Opinions

Anarchy is no joke!

Apr 05, 2017 Alex Thomas

We all got some chuckles from last week’s The Anarchy. I’m a fan of the annual satirical issue of our beloved paper, but I could definitely get behind a name change. I think that calling a satirical paper The Anarchy belittles some super-relevant political ideas. It also helps to entrench a centuries-old smear campaign that has helped frame anarchism as baloney. Chances are you’ve heard a thing or two about who anarchists are and what they think. Chances are almost everything you have heard is nonsense. Many people seem to think that anarchy is about chaos, violence and disorder. In reality, nothing could be farther from the truth.

Anarchists simply believe that humans are capable of behaving reasonably without being forced. We believe that when allowed, people are perfectly capable of organizing their own communities without needing to be told how, and that when people are shitty to each other, it’s usually the result of the hierarchical and oppressive structures that are imposed on us and the inequalities that result.

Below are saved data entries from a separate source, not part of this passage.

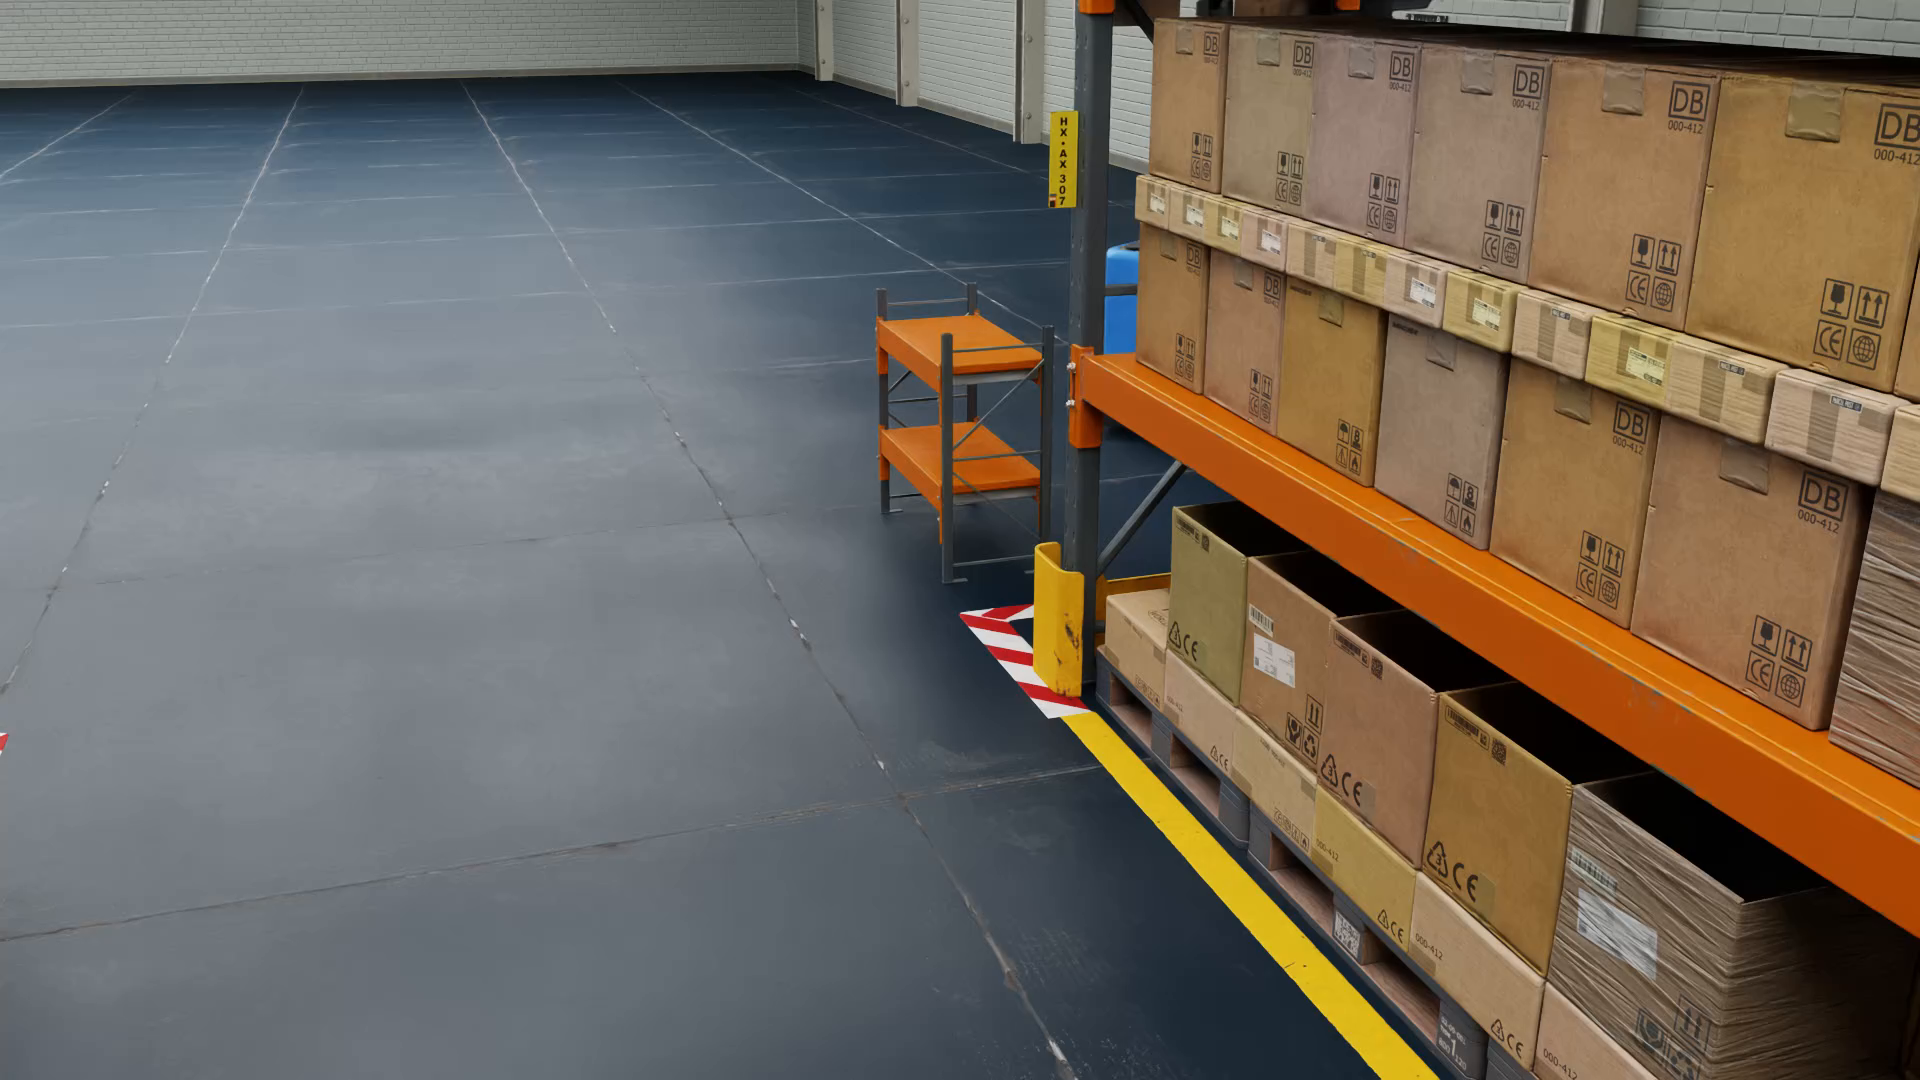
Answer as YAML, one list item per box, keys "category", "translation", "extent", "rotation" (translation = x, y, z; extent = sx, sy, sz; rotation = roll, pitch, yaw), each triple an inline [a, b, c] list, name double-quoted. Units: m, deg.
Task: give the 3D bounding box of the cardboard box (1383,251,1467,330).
- category: "cardboard box"
  translation: [1.286, -0.633, 4.133]
  extent: [0.380, 0.149, 0.250]
  rotation: [-6, 21, -17]

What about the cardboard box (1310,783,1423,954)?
- category: "cardboard box"
  translation: [1.312, 0.851, 4.556]
  extent: [0.500, 0.250, 0.500]
  rotation: [-6, 21, -17]

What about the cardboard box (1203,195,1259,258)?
- category: "cardboard box"
  translation: [0.967, -0.961, 5.048]
  extent: [0.380, 0.149, 0.250]
  rotation: [-6, 21, -17]

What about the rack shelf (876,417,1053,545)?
- category: "rack shelf"
  translation: [0.002, -0.297, 7.803]
  extent: [0.538, 0.278, 1.000]
  rotation: [-6, 21, -17]

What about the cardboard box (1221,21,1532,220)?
- category: "cardboard box"
  translation: [1.207, -1.244, 4.875]
  extent: [0.700, 0.500, 0.500]
  rotation: [-7, 21, -19]

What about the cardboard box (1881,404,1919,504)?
- category: "cardboard box"
  translation: [1.778, -0.135, 2.748]
  extent: [0.380, 0.149, 0.250]
  rotation: [-7, 21, -18]

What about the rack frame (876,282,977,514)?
- category: "rack frame"
  translation: [-0.158, -0.690, 8.174]
  extent: [0.500, 1.125, 0.032]
  rotation: [-6, 21, -17]

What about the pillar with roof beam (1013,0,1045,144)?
- category: "pillar with roof beam"
  translation: [-3.117, -9.460, 20.941]
  extent: [9.100, 9.000, 0.400]
  rotation: [-6, 21, -17]

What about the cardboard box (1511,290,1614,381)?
- category: "cardboard box"
  translation: [1.456, -0.463, 3.661]
  extent: [0.380, 0.149, 0.250]
  rotation: [-6, 21, -16]

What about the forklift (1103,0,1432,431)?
- category: "forklift"
  translation: [2.089, -2.285, 9.942]
  extent: [1.130, 2.935, 3.031]
  rotation: [15, 24, 35]

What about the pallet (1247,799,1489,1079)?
- category: "pallet"
  translation: [1.545, 1.022, 4.760]
  extent: [1.003, 0.211, 1.213]
  rotation: [-6, 21, -17]

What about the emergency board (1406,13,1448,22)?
- category: "emergency board"
  translation: [4.001, -4.040, 14.726]
  extent: [0.194, 1.169, 0.643]
  rotation: [-6, 21, -17]

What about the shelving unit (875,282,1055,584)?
- category: "shelving unit"
  translation: [0.002, -0.527, 7.720]
  extent: [0.538, 1.125, 1.048]
  rotation: [-6, 21, -17]

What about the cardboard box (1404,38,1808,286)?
- category: "cardboard box"
  translation: [1.524, -0.921, 3.977]
  extent: [0.700, 0.500, 0.500]
  rotation: [-6, 21, -17]

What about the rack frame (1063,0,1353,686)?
- category: "rack frame"
  translation: [0.885, -0.922, 6.047]
  extent: [1.000, 3.000, 0.127]
  rotation: [-6, 21, -17]

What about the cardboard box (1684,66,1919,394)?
- category: "cardboard box"
  translation: [1.837, -0.600, 3.083]
  extent: [0.700, 0.500, 0.500]
  rotation: [-6, 21, -17]

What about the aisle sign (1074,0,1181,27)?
- category: "aisle sign"
  translation: [0.574, -2.134, 5.576]
  extent: [0.394, 0.787, 0.004]
  rotation: [-6, 21, -17]

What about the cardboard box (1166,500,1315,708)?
- category: "cardboard box"
  translation: [1.001, 0.177, 5.323]
  extent: [0.500, 0.500, 0.500]
  rotation: [-6, 21, -17]

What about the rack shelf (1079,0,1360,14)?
- category: "rack shelf"
  translation: [1.514, -1.354, 3.875]
  extent: [1.077, 0.370, 4.000]
  rotation: [-6, 21, -17]

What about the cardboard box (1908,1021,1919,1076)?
- category: "cardboard box"
  translation: [2.294, 0.923, 3.248]
  extent: [0.500, 0.500, 0.500]
  rotation: [-6, 21, -17]

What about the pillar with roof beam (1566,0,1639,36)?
- category: "pillar with roof beam"
  translation: [0.655, -5.609, 10.219]
  extent: [9.100, 9.000, 0.400]
  rotation: [-6, 21, -17]

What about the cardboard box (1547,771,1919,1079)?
- category: "cardboard box"
  translation: [1.643, 0.817, 3.540]
  extent: [0.500, 0.500, 0.500]
  rotation: [-6, 21, -17]

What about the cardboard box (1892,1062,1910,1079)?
- category: "cardboard box"
  translation: [2.132, 1.116, 3.820]
  extent: [0.500, 0.250, 0.500]
  rotation: [-6, 21, -17]

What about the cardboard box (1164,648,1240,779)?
- category: "cardboard box"
  translation: [1.003, 0.530, 5.451]
  extent: [0.500, 0.250, 0.500]
  rotation: [-6, 21, -17]

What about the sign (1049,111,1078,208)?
- category: "sign"
  translation: [0.356, -1.310, 5.729]
  extent: [0.100, 0.325, 0.005]
  rotation: [-6, 21, -17]

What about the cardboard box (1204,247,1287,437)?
- category: "cardboard box"
  translation: [1.189, -0.650, 5.142]
  extent: [0.700, 0.500, 0.500]
  rotation: [-6, 21, -16]

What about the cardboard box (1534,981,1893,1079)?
- category: "cardboard box"
  translation: [1.641, 1.171, 3.667]
  extent: [0.500, 0.250, 0.500]
  rotation: [-6, 21, -17]

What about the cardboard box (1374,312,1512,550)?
- category: "cardboard box"
  translation: [1.509, -0.322, 4.227]
  extent: [0.700, 0.500, 0.500]
  rotation: [-6, 21, -16]

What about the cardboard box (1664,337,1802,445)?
- category: "cardboard box"
  translation: [1.609, -0.303, 3.216]
  extent: [0.380, 0.149, 0.250]
  rotation: [-6, 21, -17]

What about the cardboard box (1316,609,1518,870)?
- category: "cardboard box"
  translation: [1.311, 0.498, 4.428]
  extent: [0.500, 0.500, 0.500]
  rotation: [-6, 21, -17]

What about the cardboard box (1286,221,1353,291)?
- category: "cardboard box"
  translation: [1.130, -0.795, 4.585]
  extent: [0.380, 0.149, 0.250]
  rotation: [-7, 21, -19]

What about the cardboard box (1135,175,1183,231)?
- category: "cardboard box"
  translation: [0.804, -1.126, 5.506]
  extent: [0.380, 0.149, 0.250]
  rotation: [-7, 21, -18]

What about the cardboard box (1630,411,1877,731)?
- category: "cardboard box"
  translation: [1.825, 0.004, 3.321]
  extent: [0.700, 0.500, 0.500]
  rotation: [-7, 21, -18]

Instead of seeing the government as necessary for governing everyday life and ensuring society runs fairly, anarchists understand the state – regardless of who is in power – as unnecessary and harmful. The main function of the state is to guarantee the existing social structure of society. Though we are told we live in a democracy, it is well established that government policy is shaped more by corporate agendas than everyday people. Look at the current scandal surrounding Bombardier, which is proposing massive executive bonuses in a year that the company received over $1 billion in bailouts and spun its wheels financially. Look at the degree to which the Irvings shape policy and regulation in one of the poorest provinces in Canada. You’ll find this shit in every “democratic” state anywhere, ever. This is because power corrupts.

Anarchists think that organizing society so that the everyday lives of millions are largely determined by a handful of people is totally ridiculous. Instead, we seek to invest power directly and democratically in the hands of the people, putting decision-making power at the most local levels. I ain’t gonna get all bogged down in theory here, but a lot of these ideas are just about having the courage to take the simple principles of common decency that we all live by and following them through to their logical conclusions. Every time you treat another human with consideration and respect, you are being an anarchist. Every time you work out your differences with others by coming to reasonable compromise, listening to what everyone has to say rather than letting one person decide for everyone else, you are being an anarchist. Every time you have the opportunity to force someone to do something, but decide to appeal to their sense of reason or justice instead, you are being an anarchist.

With capitalism in a profound state of crisis and transition, anarchists’ alternative political visions and consistent critiques of power are capturing the attention of disillusioned people all over the world. Instead of waiting every four years for the “privilege” to elect our rulers, anarchists push for collective direct action and urge us to take our lives into our own hands. The Trump administration has made crystal clear the inadequacy of limiting our activism to the legal parameters set by increasingly oppressive governments. Mount Allison’s administration has proven time and time again its utter disregard toward the moral appeals from its stakeholders as seen right now with the divestment debacle. I commend students who have refused to accept the administration’s refusal to act on climate change by occupying university space and administrative offices to demand divestment. You understand the urgency we face, and that the absurdity of this kind of inaction threatens life on this planet. Please also understand that it is only through the continuation of these kinds of bold collective actions that we will see the changes we so desperately need! (Oh and, with respect, I’ll add: you shouldn’t have to apologize for chanting “SHAME!” at Robbie Campbell. It’s fucking shameful and we need to name names).

I really don’t care to turn everyone into self-professed anarchists here. But please, think about taking your fate and the collective fate of your communities into your own hands – even in small ways. We cannot wait around for those in power to listen to our appeals. We cannot rely on measly reform after measly reform to deliver the change we need.